Ironically, Mk III Avro Lancaster W5013 had been built locally, by Metropolitan Vickers at their factory in Bamford. So it had started life only a few miles from where it had finished its days. From a recent photograph of the wreckage, he could see there were still several of the larger pieces left – part of the tail, a wing section, and engine casings minus their propellers.
Like Frank Baine, the author of these books had done plenty of research, and the details of SU-V’s crew were comprehensive. As Baine had said, there had been seven men on board the Lancaster – four British RAF men, two Poles and the Canadian pilot, Danny McTeague.
Of the British crew, the bomb aimer and rear gunner, Sergeants Bill Mee and Dick Abbott, had been found dead some distance from the aircraft. The text described them as ‘severely mutilated’, but Cooper recognized the euphemism. The phrase was still used today, in official statements to the press on the victims of serious road accidents or suicides on the railway line. It meant their bodies had been dismembered. The wireless operator, Sergeant Harry Gregory, and the mid-upper gunner, Sergeant Alec Hamilton, had been trapped inside the wreckage and had died in the fire that consumed the central section of the fuselage. Burned beyond recognition, they had been identified by the uniforms under their flying suits, and by the contents of their pockets, after their bodies had been taken to the RAF mortuary at Buxton.

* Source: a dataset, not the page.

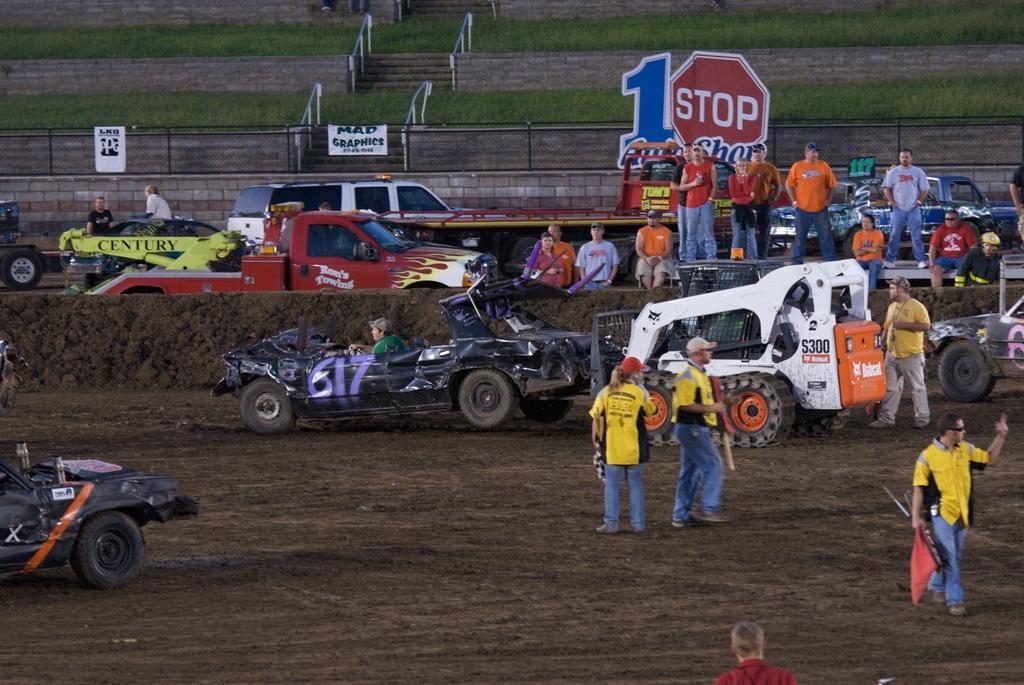Describe this image in one or two sentences. In this image, I can see few people standing and few people sitting. These are the trucks and cars, which are moving. This looks like a hoarding of a signboard. This is a fence. These are the stairs with the staircase holder. This is the grass. I can see the wall.

Cooper put the book down for a moment. He wondered whether Alison Morrissey had considered the possibility that one of the bodies had been wrongly identified. Perhaps, after all, her grandfather had died in the crash. All this time, it might have been some other member of the crew they should have been looking for. And he wondered about Pilot Officer Zygmunt Lukasz, the flight engineer, who had survived and was now seventy-eight years old.
Gavin Murfin stirred and grunted in his seat. His eyes opened.
‘Where are we?’ he said.
‘Underbank,’ said Cooper. ‘We’re waiting for the recovery crew.’
‘There’s a good Indian takeaway around here somewhere,’ said Murfin. Then he snorted, and his head fell back again.
Weather conditions and primitive equipment – Cooper supposed that was the standard explanation for many of these incidents. Otherwise, the crash of Sugar Uncle Victor seemed inexplicable – the aircraft was flying much too low, and it was off course. But it was hinted in the book that the reason it was off course was that the skipper had apparently ignored the navigator’s instructions. So was it another example of a pilot caught in the trap between high ground and low cloud, finding mountains suddenly in front of him when he thought he was approaching his home airfield in Nottinghamshire? Or had something else gone wrong?
One of the eye witnesses quoted in the account of the fate of Sugar Uncle Victor was the former RAF mountain rescue man, Walter Rowland, who had also been mentioned by Alison Morrissey. Like Zygmunt Lukasz, he had been unwilling to talk to her. Unwilling, or unable? Rowland was described as being eighteen years old at the time of the crash. After all that time, memories faded. But sometimes there were memories which were too clear for anyone to want them reviving.
‘No sign yet?’ mumbled Murfin.
‘Not yet.’
‘It’s no good, Ben. I’m having curry-flavoured dreams. I’m going to have to go and see if that Indian is open.’
‘Fair enough. I’ll still be here when you get back.’
‘Do you want anything?’
‘Some naan bread.’
‘Is that all? You can’t live on that.’
‘I wasn’t intending to,’ said Cooper.
Murfin slipped out of the car, and Cooper watched him stumble down the street, clinging precariously to the steel handrail to stay on his feet. If he made it back up with a set of foil trays and a bag of naan bread intact, it would be a miracle.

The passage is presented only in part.